[PATCH 1/2] vfio: Introduce bus driver to IOMMU invalidation interface

From: Alex Williamson
Date: Thu May 14 2020 - 12:52:12 EST


VFIO bus drivers, like vfio-pci, can allow mmaps of non-page backed
device memory, such as MMIO regions of the device. The user may then
map these ranges through the IOMMU, for example to enable peer-to-peer
DMA between devices. When these ranges are zapped or removed from the
user, such as when the MMIO region is disabled or the device is
released, we should also remove the IOMMU mapping. This provides
kernel level enforcement of the behavior we already see from userspace
drivers like QEMU, where these ranges are unmapped when they become
inaccessible. This userspace behavior is still recommended as this
support only provides invalidation, dropping unmapped vmas. Those
vmas are not automatically re-installed when re-mapped.

Signed-off-by: Alex Williamson <alex.williamson@xxxxxxxxxx>
---
drivers/vfio/pci/vfio_pci.c | 34 +++++++++-
drivers/vfio/pci/vfio_pci_private.h | 1
drivers/vfio/vfio.c | 14 ++++
drivers/vfio/vfio_iommu_type1.c | 123 ++++++++++++++++++++++++++---------
include/linux/vfio.h | 5 +
5 files changed, 142 insertions(+), 35 deletions(-)

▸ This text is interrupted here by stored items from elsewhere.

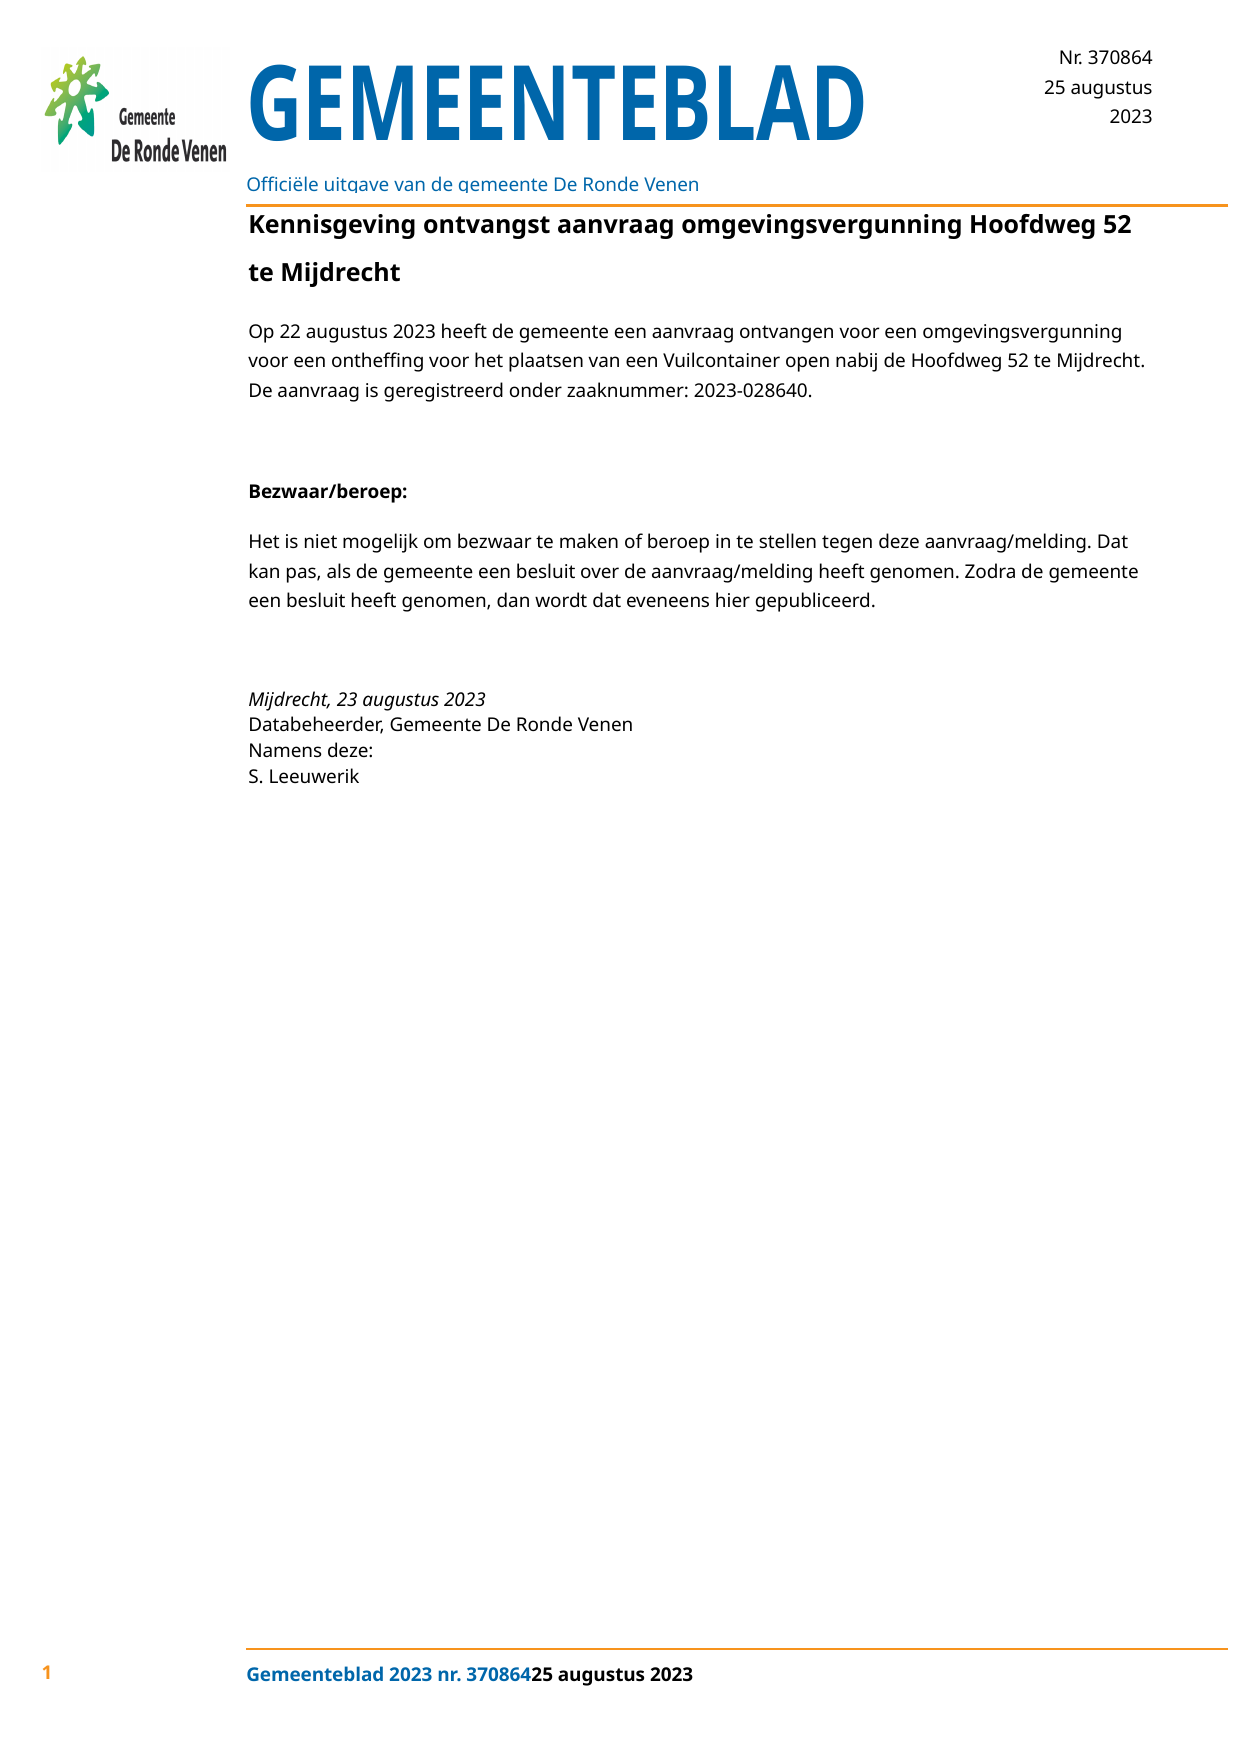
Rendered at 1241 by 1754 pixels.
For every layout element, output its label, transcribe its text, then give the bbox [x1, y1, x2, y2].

text Op 22 augustus 2023 heeft de gemeente een aanvraag ontvangen voor een omgevingsvergunning voor een ontheffing voor het plaatsen van een Vuilcontainer open nabij de Hoofdweg 52 te Mijdrecht. De aanvraag is geregistreerd onder zaaknummer: 2023-028640. [248, 318, 1152, 403]
text Databeheerder, Gemeente De Ronde Venen [248, 711, 1152, 737]
text Namens deze: [248, 737, 1152, 763]
text S. Leeuwerik [248, 763, 1152, 789]
text Kennisgeving ontvangst aanvraag omgevingsvergunning Hoofdweg 52 te Mijdrecht [248, 207, 1152, 288]
text Bezwaar/beroep: [248, 478, 1152, 504]
text Het is niet mogelijk om bezwaar te maken of beroep in te stellen tegen deze aanvraag/melding. Dat kan pas, als de gemeente een besluit over de aanvraag/melding heeft genomen. Zodra de gemeente een besluit heeft genomen, dan wordt dat eveneens hier gepubliceerd. [248, 528, 1152, 613]
picture [41, 47, 231, 172]
text Mijdrecht, 23 augustus 2023 [248, 686, 1152, 711]

diff --git a/drivers/vfio/pci/vfio_pci.c b/drivers/vfio/pci/vfio_pci.c
index 49ae9faa6099..100fe5f6bc22 100644
--- a/drivers/vfio/pci/vfio_pci.c
+++ b/drivers/vfio/pci/vfio_pci.c
@@ -521,6 +521,8 @@ static void vfio_pci_release(void *device_data)
vfio_pci_vf_token_user_add(vdev, -1);
vfio_spapr_pci_eeh_release(vdev->pdev);
vfio_pci_disable(vdev);
+ vfio_group_put_external_user(vdev->group);
+ vdev->group = NULL;
}

mutex_unlock(&vdev->reflck->lock);
@@ -539,6 +541,15 @@ static int vfio_pci_open(void *device_data)
mutex_lock(&vdev->reflck->lock);

if (!vdev->refcnt) {
+ struct pci_dev *pdev = vdev->pdev;
+
+ vdev->group = vfio_group_get_external_user_from_dev(&pdev->dev);
+ if (IS_ERR_OR_NULL(vdev->group)) {
+ ret = PTR_ERR(vdev->group);
+ vdev->group = NULL;
+ goto error;
+ }
+
ret = vfio_pci_enable(vdev);
if (ret)
goto error;
@@ -549,8 +560,13 @@ static int vfio_pci_open(void *device_data)
vdev->refcnt++;
error:
mutex_unlock(&vdev->reflck->lock);
- if (ret)
+ if (ret) {
module_put(THIS_MODULE);
+ if (vdev->group) {
+ vfio_group_put_external_user(vdev->group);
+ vdev->group = NULL;
+ }
+ }
return ret;
}

@@ -1370,7 +1386,7 @@ static ssize_t vfio_pci_write(void *device_data, const char __user *buf,
/* Return 1 on zap and vma_lock acquired, 0 on contention (only with @try) */
static int vfio_pci_zap_and_vma_lock(struct vfio_pci_device *vdev, bool try)
{
- struct vfio_pci_mmap_vma *mmap_vma, *tmp;
+ struct vfio_pci_mmap_vma *mmap_vma;

/*
* Lock ordering:
@@ -1420,6 +1436,7 @@ static int vfio_pci_zap_and_vma_lock(struct vfio_pci_device *vdev, bool try)
return 1;
mutex_unlock(&vdev->vma_lock);

+again:
if (try) {
if (!down_read_trylock(&mm->mmap_sem)) {
mmput(mm);
@@ -1438,8 +1455,8 @@ static int vfio_pci_zap_and_vma_lock(struct vfio_pci_device *vdev, bool try)
} else {
mutex_lock(&vdev->vma_lock);
}
- list_for_each_entry_safe(mmap_vma, tmp,
- &vdev->vma_list, vma_next) {
+ list_for_each_entry(mmap_vma,
+ &vdev->vma_list, vma_next) {
struct vm_area_struct *vma = mmap_vma->vma;

if (vma->vm_mm != mm)
@@ -1450,6 +1467,10 @@ static int vfio_pci_zap_and_vma_lock(struct vfio_pci_device *vdev, bool try)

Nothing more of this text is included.